Dans sa conclusion, A. Moatti positionne clairement l’alterscience hors du domaine des pseudo-sciences comme l’astrologie, celles-ci ne contestant pas particulièrement les théories scientifiques du moment. Il montre l’ambiguïté épistémologique qui, entre poppérisme – en accordant la primauté à la réfutation – et relativisme – en renvoyant la connaissance scientifique à une croyance ou à un succès social –, conforte l’alterscientifique dans son approche. Il évoque par ailleurs une certaine complaisance du monde universitaire – certains universitaires, en particulier dans le domaine des sciences humaines, étant à la fois juges et parties – vis-à-vis de divers discours militants qui conduit à ne pas analyser la vision apocalyptique de la science par les milieux d’ultragauche. Il met aussi en garde contre le danger de positions « trop rationalistes »3 ou trop marquées politiquement qui pourraient apparaître comme le symétrique des outrances alterscientifiques.

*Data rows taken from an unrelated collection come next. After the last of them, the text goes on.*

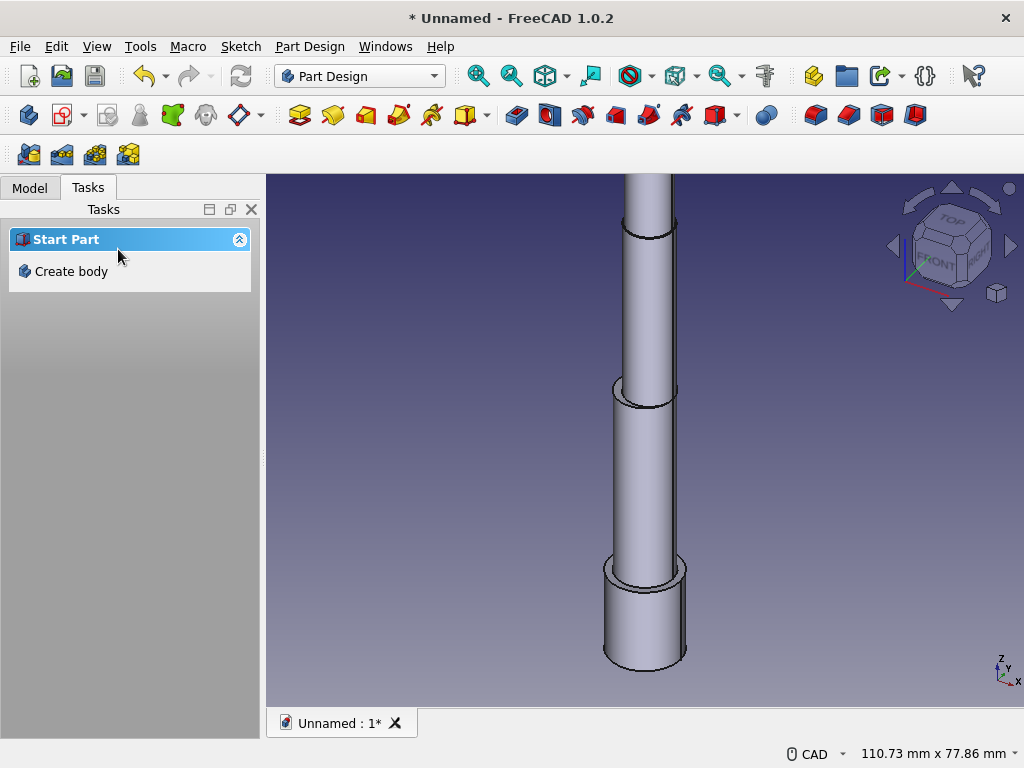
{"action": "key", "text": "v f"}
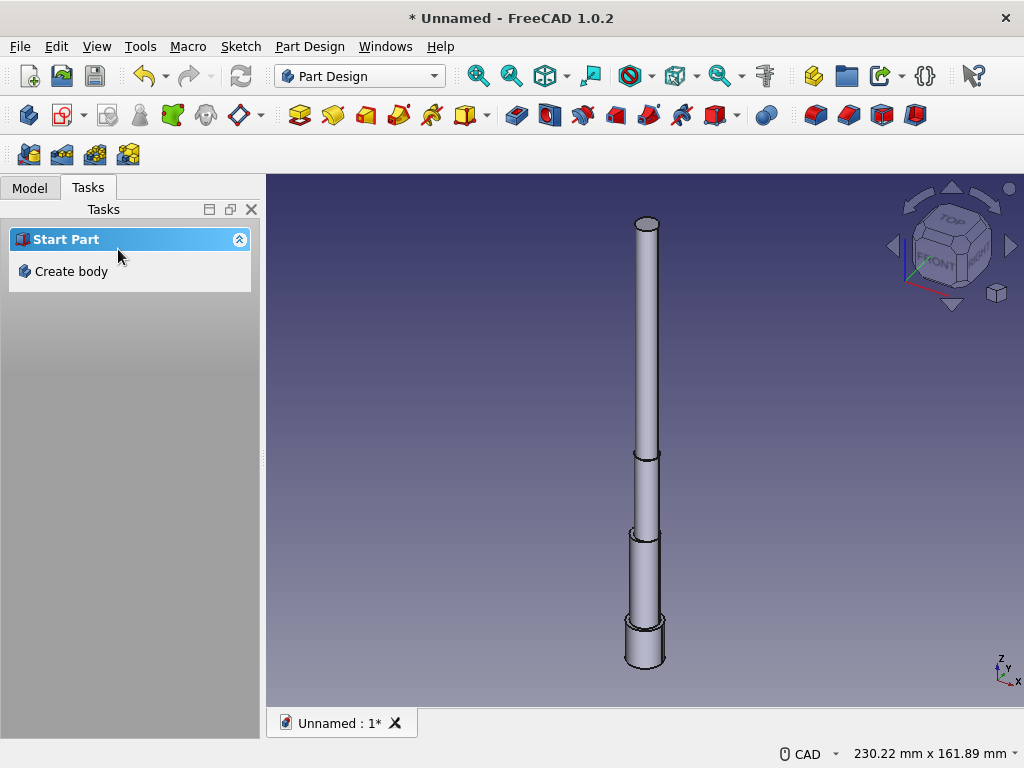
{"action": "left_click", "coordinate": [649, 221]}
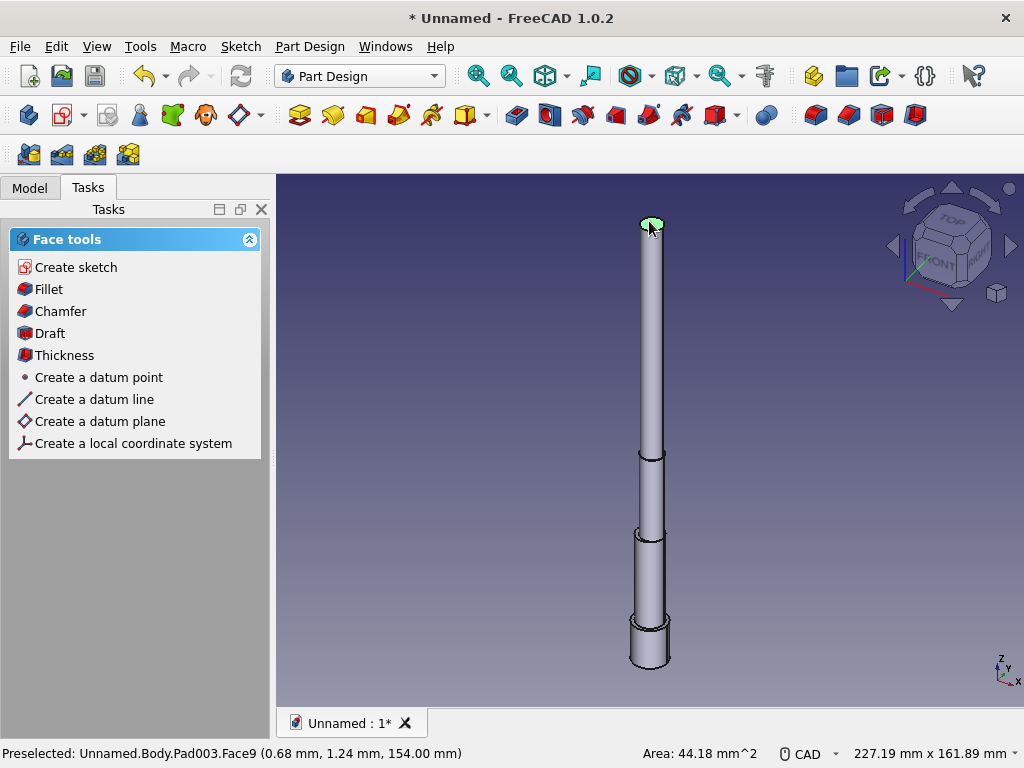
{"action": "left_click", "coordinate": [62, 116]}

L’intérêt pédagogique de cet ouvrage est indéniable : en pointant les caractéristiques de discours qui miment le discours scientifique sans les contraintes que celui-ci s’impose, il permet à chacun de repérer et de comprendre, dans la profusion d’analyses, d’ouvrages, de sites Internet, ce qui tient de l’alterscience. C’est un des objectifs de l’AFIS et de Science et pseudo-sciences. La lecture de ce livre et la connaissance des exemples qu’il propose sont d’une grande utilité pour comprendre les tenants de certains partis-pris anti-scientifiques et anti-technologiques que nous dénonçons.

1 Ingénieur en chef des Mines, il a publié en 2007 Einstein, un siècle contre lui (voir la note de lecture de J. Günther publiée dans SPS n° 282, juillet 2008). Un article d’A. Moatti, L’alterscience, une autre forme d’opposition à la science, est paru dans SPS n° 292, octobre 2010. Alexandre Moatti a assuré la conférence annuelle de l’AFIS, le 1er juin dernier : « L’alterscience : une autre forme d’opposition à la science ».

2 Le lecteur du livre trouvera des analyses en relation avec les théories de physique alternative (les ingénieurs antirelativistes, la physique sous-jacente à l’affaire des avions renifleurs, la théorie synergétique de René-Louis Vallée et le mythe Tesla), avec une instrumentalisation de la science à des fins religieuses (géocentrisme et créationnisme, cosmologie d’Horbiger, Velikovsky), avec les postures historiques d’opposition à l’Académie des sciences (Marat, Saint-Simon, Fourrier, Comte, Le Bon, Lumière) ou encore avec la science au service de l’idéologie (la « science allemande » des années 1920-1930, le technofascisme de Lyndon LaRouche, les idéologies d’ultragauche contemporaines).

3 À ce sujet, l’auteur cite, sans le nommer, « un physicien et épistémologue, engagé contre les utilisations abusives d’analogues scientifiques [qui] évoque le "chef d’un culte pseudoscientifique majeur" en parlant du pape » (p. 307). Ce physicien est Alan Sokal.